My Journey from Death to Life
“…that you may declare the praises of Him who called you out of darkness into His wonderful light.”
(1 Peter 2:9b)
Being only fifteen years old many may think that I have not lived yet or I’m still just a child with her whole life ahead of her, which I am. However, I am old enough to decide what’s right and what’s wrong, and it’s my decision to do what’s right in the eyes of my Heavenly Father or I can do what’s sinful in His sight.
Being a False Convert
July 10th, 2011 was the day that my eyes were truly opened for the first time. Before that time I was what you call a false convert. I had not truly been born again by the Holy Spirit. Regeneration had not yet taken place in me.
My father got saved in 2007. At that time I was just coming out of 5th grade. Worldliness had already been planted in me. When I started 6th grade my father had joined CRCC in 2008 a year after my mother and was growing rapidly in God’s word. However as my father and mother began to apply God’s Word to our lives I began my three year course of secret rebellion.
By the end of my 6th grade year I had already had a so-called “boyfriend”. During 6th and 7th grade I was hanging out at a friend’s house after school without my parents’ permission or knowledge. There were times when what I had on when I left the house was not what I had on during school hours. I then carried this on to my final year of middle school. It was during 8th grade that I got my immature heart caught up in some boy who had no intentions of being my husband. The relationship did not last long but consequently during the rest of the school year I was emotionally attached to him although I’ve never been physically intimate.
Battle with Conviction
At the end of my 8th grade year Pastor McLeod was pushing D6 and Family Integration. So, with school being out, I no longer had the ungodliness at school that continued to pressure me to live sinfully. Consequently I began feeling convicted during his sermons and at home during family devotion. I would repent and think to myself “God will forgive me” but yet I still felt convicted. It was because I was not truly broken over my sins and I wasn’t trying to turn from my evil ways. During the summer it began to get harder to keep a straight face when we talked about purity because I knew that I had kissed a boy and my lips were not physically pure. It was painful to talk about the ungodliness at school when I knew in my heart that I took part in it. But most of all I could not bear to talk about death and hell when I knew I was not truly converted and hell was where I was headed.
So on the evening of July 10, 2011 I laid in my bed thinking about all the “dirt” that I had accumulated during my three years of middle school. I picked up my bible hoping it would comfort me but it only made my burden heavier. I soon realized that I was a sinner and that … unforgiven and unrepentant sinners go… to…hell. As hell became a reality in my mind, tears began to form in my eyes. I was feeling true brokenness over my sins. Right at that moment my mother entered the room and that began the process of my regeneration.
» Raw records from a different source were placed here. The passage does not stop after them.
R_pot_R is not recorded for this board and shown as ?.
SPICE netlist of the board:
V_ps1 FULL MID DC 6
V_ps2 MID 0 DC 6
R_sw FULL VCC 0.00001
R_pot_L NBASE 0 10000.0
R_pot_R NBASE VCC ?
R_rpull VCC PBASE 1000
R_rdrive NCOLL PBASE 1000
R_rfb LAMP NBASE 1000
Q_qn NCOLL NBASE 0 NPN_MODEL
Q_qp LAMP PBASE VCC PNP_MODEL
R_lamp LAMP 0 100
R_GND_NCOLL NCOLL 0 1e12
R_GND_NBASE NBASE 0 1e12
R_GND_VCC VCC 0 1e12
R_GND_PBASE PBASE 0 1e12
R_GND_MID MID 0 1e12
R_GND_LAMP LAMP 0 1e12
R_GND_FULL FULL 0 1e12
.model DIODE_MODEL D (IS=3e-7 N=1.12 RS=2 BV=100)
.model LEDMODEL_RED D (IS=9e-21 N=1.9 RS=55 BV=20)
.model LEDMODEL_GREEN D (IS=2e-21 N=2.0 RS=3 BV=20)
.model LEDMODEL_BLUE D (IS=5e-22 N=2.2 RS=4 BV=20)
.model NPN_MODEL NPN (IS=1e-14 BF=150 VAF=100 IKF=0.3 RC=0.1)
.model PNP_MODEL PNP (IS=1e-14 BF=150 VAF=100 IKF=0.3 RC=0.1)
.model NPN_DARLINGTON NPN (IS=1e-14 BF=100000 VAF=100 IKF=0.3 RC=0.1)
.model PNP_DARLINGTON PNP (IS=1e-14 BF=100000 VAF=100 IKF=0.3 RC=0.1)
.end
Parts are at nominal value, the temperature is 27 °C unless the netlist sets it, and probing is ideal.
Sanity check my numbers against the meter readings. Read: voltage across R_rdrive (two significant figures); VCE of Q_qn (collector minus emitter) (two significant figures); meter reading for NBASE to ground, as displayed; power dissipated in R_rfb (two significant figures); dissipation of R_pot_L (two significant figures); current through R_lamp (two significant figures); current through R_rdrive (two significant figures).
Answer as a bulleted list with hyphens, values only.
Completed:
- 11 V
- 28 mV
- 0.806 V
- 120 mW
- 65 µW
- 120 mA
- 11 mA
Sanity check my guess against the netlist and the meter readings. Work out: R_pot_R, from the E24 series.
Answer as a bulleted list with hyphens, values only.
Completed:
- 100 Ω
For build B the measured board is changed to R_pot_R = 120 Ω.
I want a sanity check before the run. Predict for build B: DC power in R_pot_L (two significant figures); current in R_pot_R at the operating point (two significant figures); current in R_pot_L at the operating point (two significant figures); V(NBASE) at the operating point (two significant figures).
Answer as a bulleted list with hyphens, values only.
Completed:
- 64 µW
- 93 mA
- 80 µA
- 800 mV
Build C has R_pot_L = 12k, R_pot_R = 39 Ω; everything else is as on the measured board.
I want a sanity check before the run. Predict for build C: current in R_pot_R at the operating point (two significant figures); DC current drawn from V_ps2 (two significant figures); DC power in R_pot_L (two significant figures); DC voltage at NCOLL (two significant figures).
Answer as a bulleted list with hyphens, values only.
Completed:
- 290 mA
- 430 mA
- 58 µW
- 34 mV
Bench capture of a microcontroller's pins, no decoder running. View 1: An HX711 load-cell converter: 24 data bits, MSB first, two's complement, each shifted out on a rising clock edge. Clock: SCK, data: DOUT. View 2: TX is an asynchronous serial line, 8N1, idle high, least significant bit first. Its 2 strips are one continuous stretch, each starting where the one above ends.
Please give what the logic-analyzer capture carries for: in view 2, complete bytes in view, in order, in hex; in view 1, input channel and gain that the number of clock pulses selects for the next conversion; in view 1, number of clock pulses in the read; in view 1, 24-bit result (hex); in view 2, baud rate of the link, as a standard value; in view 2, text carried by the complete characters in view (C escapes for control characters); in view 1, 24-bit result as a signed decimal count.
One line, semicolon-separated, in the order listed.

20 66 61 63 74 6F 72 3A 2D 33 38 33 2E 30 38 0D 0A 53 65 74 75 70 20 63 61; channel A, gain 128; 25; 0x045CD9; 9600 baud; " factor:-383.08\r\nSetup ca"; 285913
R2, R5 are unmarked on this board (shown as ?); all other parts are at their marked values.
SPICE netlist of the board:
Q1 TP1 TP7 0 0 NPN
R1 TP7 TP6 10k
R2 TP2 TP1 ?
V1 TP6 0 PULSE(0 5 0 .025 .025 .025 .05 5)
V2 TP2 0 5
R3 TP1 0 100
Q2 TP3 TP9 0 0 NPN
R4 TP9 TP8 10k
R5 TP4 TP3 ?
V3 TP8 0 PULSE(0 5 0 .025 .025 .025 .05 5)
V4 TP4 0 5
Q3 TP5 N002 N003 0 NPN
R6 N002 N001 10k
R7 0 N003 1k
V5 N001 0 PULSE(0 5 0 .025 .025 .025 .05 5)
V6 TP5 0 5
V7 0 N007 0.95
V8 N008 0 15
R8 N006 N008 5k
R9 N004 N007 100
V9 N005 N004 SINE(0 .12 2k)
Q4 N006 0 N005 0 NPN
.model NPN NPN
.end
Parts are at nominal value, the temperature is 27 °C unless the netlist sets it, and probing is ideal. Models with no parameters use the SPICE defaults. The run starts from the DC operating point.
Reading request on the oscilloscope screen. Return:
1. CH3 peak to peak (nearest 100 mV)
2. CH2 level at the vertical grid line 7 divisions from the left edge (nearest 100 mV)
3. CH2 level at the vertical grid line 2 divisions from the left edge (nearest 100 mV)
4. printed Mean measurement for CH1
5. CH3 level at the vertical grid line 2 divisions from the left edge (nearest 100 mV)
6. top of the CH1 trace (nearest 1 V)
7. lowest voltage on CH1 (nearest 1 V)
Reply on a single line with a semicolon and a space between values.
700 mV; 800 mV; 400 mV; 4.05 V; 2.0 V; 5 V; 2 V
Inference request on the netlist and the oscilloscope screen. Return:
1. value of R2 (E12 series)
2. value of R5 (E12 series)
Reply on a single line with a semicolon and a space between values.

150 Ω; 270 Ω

Regeneration through the Holy Spirit
Regeneration: is the work of the Holy Spirit in a person, thus enabling him or her to love and follow God. (ESV Student Study Bible Glossary) 2nd Corinthians 15:17 says; “Therefore, if anyone is in Christ, he is a new creation. The old is passed away; behold, the new has come.” Revealing to my parents all that I had done was tough. I knew I had disappointed my parents greatly, but I also know that their disappointment is outweighed by the joy that they have in seeing a new transformed and regenerated daughter slowly but surely taking a stand for Christ.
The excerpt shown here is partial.